Every company laptop should have full-disk encryption enabled. On Windows, this is BitLocker (requires Windows Pro). On Mac, it's FileVault. Both are free and built into the operating system. If a laptop is lost or stolen, encryption means the data is unreadable without the password.

8. Create an offboarding checklist

When someone leaves your company, you need a documented process: disable their email account (don't delete it immediately; you may need access to their mail), revoke access to all cloud services, collect company devices, change any shared passwords they knew, and remove them from VPN access. This should happen the same day, not "when we get around to it."

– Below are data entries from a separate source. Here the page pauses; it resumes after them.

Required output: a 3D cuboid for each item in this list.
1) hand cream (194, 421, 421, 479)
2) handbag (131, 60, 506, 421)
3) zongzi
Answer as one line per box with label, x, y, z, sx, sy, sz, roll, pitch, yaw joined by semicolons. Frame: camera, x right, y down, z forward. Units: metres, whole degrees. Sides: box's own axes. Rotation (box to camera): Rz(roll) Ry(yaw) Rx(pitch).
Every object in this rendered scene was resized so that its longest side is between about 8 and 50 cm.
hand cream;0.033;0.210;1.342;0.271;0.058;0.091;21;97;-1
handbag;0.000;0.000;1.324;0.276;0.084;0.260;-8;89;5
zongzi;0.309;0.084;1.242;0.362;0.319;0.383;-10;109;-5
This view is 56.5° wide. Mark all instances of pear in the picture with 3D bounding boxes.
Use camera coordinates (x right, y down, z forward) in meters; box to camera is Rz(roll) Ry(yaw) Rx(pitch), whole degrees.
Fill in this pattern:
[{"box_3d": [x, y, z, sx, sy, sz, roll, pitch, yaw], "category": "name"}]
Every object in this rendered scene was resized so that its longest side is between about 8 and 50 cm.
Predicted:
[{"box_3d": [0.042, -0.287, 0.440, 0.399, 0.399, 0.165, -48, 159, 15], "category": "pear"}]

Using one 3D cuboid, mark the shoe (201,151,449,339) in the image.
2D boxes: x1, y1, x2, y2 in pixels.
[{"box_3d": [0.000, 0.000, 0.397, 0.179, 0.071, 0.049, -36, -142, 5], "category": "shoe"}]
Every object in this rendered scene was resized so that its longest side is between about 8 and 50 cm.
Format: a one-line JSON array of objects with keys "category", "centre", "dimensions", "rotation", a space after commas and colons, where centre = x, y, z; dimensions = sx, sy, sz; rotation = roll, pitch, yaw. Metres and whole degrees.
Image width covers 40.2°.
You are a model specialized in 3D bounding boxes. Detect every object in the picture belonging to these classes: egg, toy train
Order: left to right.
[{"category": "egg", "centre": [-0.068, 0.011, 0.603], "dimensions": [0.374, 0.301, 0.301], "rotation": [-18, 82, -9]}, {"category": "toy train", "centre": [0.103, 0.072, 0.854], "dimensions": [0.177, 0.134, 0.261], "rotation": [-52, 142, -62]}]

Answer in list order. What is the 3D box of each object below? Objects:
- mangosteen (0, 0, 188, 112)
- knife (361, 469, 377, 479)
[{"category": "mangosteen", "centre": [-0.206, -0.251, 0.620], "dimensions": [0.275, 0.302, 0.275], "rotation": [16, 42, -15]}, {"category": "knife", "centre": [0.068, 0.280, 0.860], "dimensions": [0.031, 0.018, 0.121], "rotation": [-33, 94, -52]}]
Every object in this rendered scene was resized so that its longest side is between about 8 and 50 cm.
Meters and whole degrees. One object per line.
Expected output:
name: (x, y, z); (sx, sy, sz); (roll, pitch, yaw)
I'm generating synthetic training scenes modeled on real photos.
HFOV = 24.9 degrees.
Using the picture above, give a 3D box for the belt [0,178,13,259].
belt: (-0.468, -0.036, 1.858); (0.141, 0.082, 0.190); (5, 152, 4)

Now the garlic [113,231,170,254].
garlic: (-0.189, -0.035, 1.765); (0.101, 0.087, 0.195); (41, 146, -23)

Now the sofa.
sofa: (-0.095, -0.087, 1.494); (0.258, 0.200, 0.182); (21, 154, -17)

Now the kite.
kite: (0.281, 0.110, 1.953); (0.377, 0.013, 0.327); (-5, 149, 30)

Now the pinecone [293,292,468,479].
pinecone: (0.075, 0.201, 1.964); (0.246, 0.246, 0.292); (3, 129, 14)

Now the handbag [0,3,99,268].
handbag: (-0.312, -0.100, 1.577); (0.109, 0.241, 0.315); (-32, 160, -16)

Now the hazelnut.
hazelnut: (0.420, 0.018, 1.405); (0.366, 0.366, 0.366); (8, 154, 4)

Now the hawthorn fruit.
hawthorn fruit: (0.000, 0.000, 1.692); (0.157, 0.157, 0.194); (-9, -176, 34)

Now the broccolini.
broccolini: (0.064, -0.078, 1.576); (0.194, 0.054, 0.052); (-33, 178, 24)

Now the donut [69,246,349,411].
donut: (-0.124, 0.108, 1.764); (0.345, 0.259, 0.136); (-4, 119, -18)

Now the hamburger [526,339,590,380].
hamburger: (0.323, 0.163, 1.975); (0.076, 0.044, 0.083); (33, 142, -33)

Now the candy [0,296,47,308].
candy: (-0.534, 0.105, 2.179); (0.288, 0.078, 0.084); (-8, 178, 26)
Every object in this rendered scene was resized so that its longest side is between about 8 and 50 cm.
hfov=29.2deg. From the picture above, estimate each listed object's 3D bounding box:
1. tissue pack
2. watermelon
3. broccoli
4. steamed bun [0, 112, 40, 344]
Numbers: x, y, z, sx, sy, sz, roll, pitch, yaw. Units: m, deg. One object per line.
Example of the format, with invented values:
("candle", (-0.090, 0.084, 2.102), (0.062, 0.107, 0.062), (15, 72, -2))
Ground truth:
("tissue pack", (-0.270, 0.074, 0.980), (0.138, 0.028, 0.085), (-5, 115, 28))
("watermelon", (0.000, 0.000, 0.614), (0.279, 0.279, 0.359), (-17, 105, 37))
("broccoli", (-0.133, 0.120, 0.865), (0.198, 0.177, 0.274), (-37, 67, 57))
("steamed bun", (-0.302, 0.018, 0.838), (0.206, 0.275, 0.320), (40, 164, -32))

Tier 3: Do These This Month

9. Run a phishing simulation

Services like KnowBe4, Proofpoint, or even Microsoft's built-in Attack Simulator let you send fake phishing emails to your own employees to see who clicks. This isn't about shaming anyone. It's about identifying where training is needed. Typical first-time click rates are 20-30%. After regular training, they drop to under 5%.

10. Secure your Wi-Fi properly

Your business Wi-Fi should use WPA3 (or WPA2 at minimum) with a strong passphrase. Create a separate guest network for visitors and personal devices. Never let your point-of-sale system, security cameras, or business-critical devices share the same network as guest traffic.

11. Review your cyber insurance

If you don't have cyber insurance, get quotes. If you do have it, actually read the policy. Many cyber insurance policies have exclusions that void coverage if you weren't following basic security practices (like MFA or regular backups). Know what your policy requires.

12. Document your critical systems

Could someone else in your organization restore operations if your main IT person were unavailable? Create a document (stored securely) that lists every critical system, the vendor contact, the login process, and what to do if it goes down. This is your "hit by a bus" plan.

Tier 4: Do These This Quarter

13. Implement DNS filtering

DNS filtering (services like Cisco Umbrella, DNSFilter, or even the free Cloudflare Gateway) blocks access to known malicious websites before they even load. It takes about 20 minutes to set up and operates silently in the background, catching threats that get past other defenses.

14. Set up security awareness training

A one-time "don't click bad links" email isn't training. Implement quarterly security awareness sessions that cover real-world examples of attacks targeting businesses like yours. Keep sessions short (15-20 minutes). Make them interactive. Test comprehension afterward.

15. Get a professional security assessment

Even if you've completed items 1-14, there are likely gaps you can't see from the inside. A professional security assessment identifies vulnerabilities in your network, your policies, and your human processes that a checklist can't catch. This is especially important if you handle sensitive customer data, healthcare records, or financial information.

Cybersecurity isn't a product you buy. It's a posture you maintain. The businesses that get breached aren't the ones that did nothing. They're the ones that did something once and then stopped paying attention.